LOGAN COUNTY, WV (LOOTPRESS) – An official state highway marker commemorating the Logan, Raleigh and Monroe (LR&M) Turnpike—commonly referred to as the Logan Turnpike—will be dedicated on Tuesday, May 17, at 1 PM. The marker is located beside the Trap Hill Volunteer Fire Department building, at the junction of W, Va. 99 and the access road to Fairdale Elementary School in Fairdale.
For additional information about the event, contact Delbert Bailey at 304-934-6338 or by email at tdbailey59@suddenlink.net.
The Logan Turnpike was one of the county’s earliest roads, part of a small network which served to open for European settlement and development the remote, backwoods region Alfred Beckley described as “a perfect wilderness” in 1837. Settlers were few and far between, and negotiable trails even scarcer in Fayette County, Virginia, from which Raleigh County was carved in 1850. The Virginia General Assembly authorized construction of the Logan Turnpike on March 17, 1849.

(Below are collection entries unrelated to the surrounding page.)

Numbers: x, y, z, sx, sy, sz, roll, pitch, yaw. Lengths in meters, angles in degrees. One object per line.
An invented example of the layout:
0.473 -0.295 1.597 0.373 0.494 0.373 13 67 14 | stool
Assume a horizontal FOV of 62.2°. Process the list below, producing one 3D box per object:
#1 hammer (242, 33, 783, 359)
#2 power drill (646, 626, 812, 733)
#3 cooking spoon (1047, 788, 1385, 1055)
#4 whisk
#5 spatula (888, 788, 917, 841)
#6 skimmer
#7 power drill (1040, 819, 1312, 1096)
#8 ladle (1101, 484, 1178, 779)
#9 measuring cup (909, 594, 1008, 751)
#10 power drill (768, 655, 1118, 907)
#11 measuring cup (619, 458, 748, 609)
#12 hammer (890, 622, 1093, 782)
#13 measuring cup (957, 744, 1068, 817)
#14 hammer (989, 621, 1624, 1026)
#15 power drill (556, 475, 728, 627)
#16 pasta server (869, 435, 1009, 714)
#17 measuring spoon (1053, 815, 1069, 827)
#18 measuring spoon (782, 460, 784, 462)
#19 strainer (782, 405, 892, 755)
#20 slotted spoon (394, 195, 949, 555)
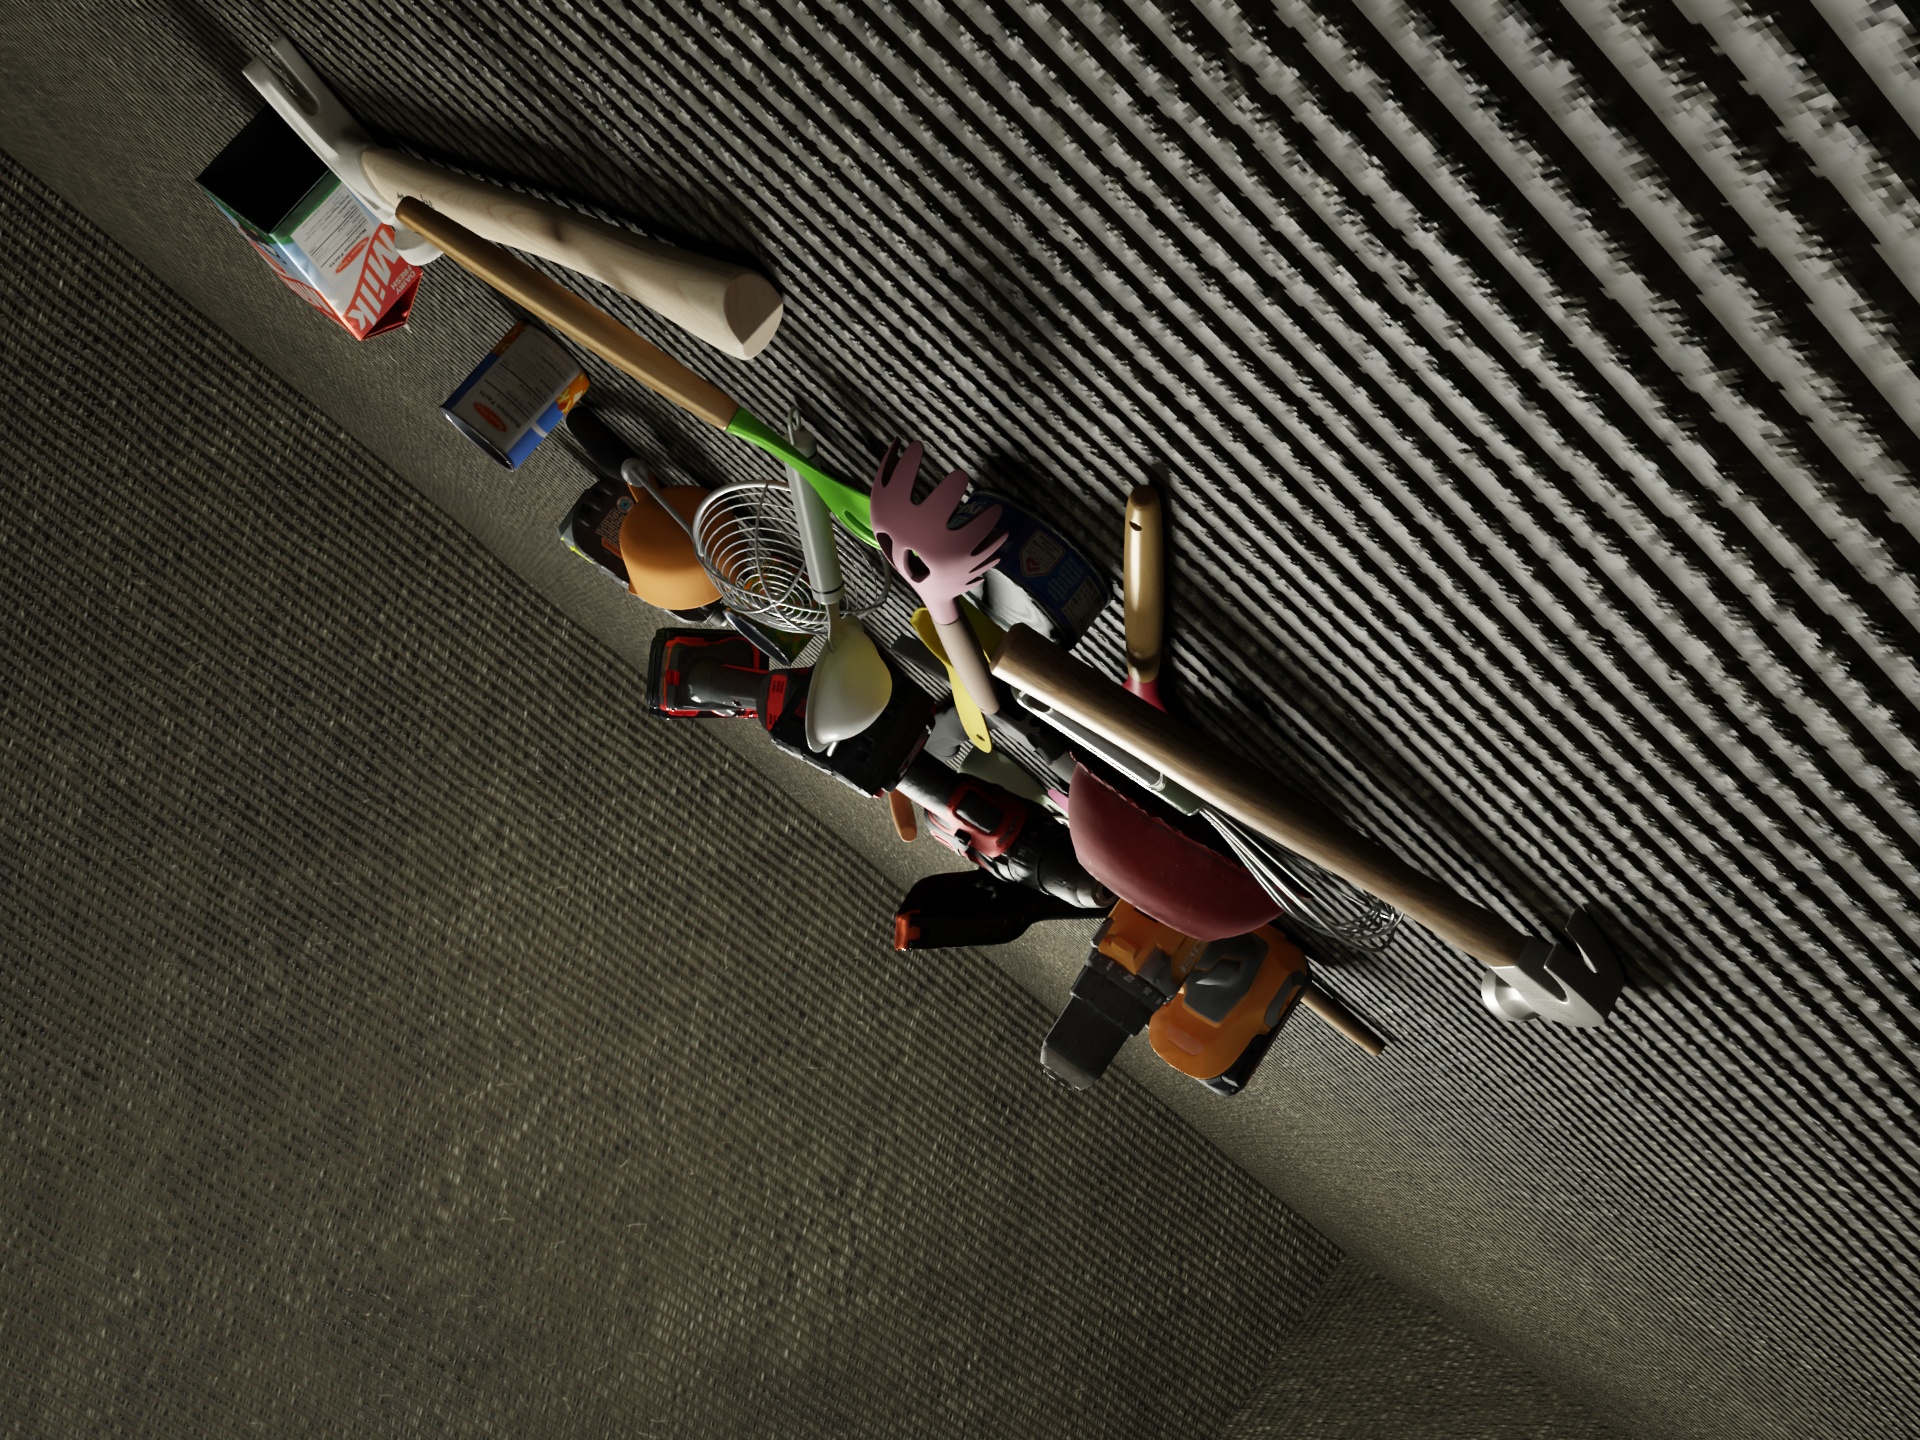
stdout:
-0.234 -0.264 0.821 0.411 0.038 0.146 29 165 40 | hammer
-0.149 -0.026 1.319 0.220 0.078 0.143 12 -171 44 | power drill
0.193 0.151 1.209 0.319 0.017 0.068 39 170 2 | cooking spoon
0.127 0.042 0.802 0.246 0.059 0.057 33 133 -12 | whisk
-0.047 0.056 1.350 0.081 0.041 0.323 40 -177 -9 | spatula
-0.174 -0.162 1.079 0.364 0.090 0.127 43 168 45 | skimmer
0.145 0.183 1.064 0.084 0.185 0.226 29 170 34 | power drill
0.085 -0.033 0.754 0.069 0.031 0.315 26 165 14 | ladle
0.010 -0.029 0.966 0.062 0.029 0.156 30 159 24 | measuring cup
-0.002 0.051 1.097 0.226 0.080 0.188 38 171 -39 | power drill
-0.221 -0.158 1.174 0.174 0.095 0.052 56 165 34 | measuring cup
-0.002 -0.004 1.164 0.146 0.035 0.335 39 170 -5 | hammer
0.065 0.080 1.281 0.168 0.038 0.083 37 170 21 | measuring cup
0.161 0.049 0.744 0.331 0.031 0.130 31 168 -1 | hammer
-0.262 -0.138 1.369 0.171 0.080 0.223 36 174 -13 | power drill
0.001 -0.052 0.773 0.060 0.040 0.316 36 173 14 | pasta server
0.077 0.089 1.367 0.034 0.018 0.124 39 163 -7 | measuring spoon
-0.068 -0.132 0.908 0.117 0.011 0.021 37 171 28 | measuring spoon
-0.074 -0.069 0.918 0.050 0.087 0.258 10 136 19 | strainer
-0.136 -0.164 0.791 0.313 0.031 0.070 32 177 -14 | slotted spoon

County historian Jim Wood describes the Logan Turnpike as starting “on the Big Sandy River in Logan County, passed by Logan Court House and connected with the Giles, Fayette and Trace), which ran in Raleigh from Skinned Poplar Gap on the present Wyoming line, via Bolt, Glen Daniel, Trap Hill, and Harper to Beckley.”
The predecessor Farley’s Trace may well be considered the “granddaddy” of Raleigh County highways. The road (“actually a bridle path”) was cut in 1797-1798 by Francis Farley, “noted woodsman and Indian fighter.” The trace “passed northward through Beckley at the Twenty-three Mile Tree, where the Memorial Building… stands on South Kanawha Street, and there turned west.”
During the American Civil War, the Logan Turnpike’s junction with the Giles, Fayette and Kanawha Turnpike at Beckley, provided the contending armies with a route from extreme
southern West Virginia (a Confederate stronghold), extreme southwest Virginia and eastern Kentucky.
The marker was obtained by the Raleigh County Historical Society (RCHS) and funded by a Beckley Area Foundation (BAF) Community Grant. RCHS president and Ward One councilman Tom Sopher praised BAF for its continuing support of Society educational programs, not just its historical marker projects.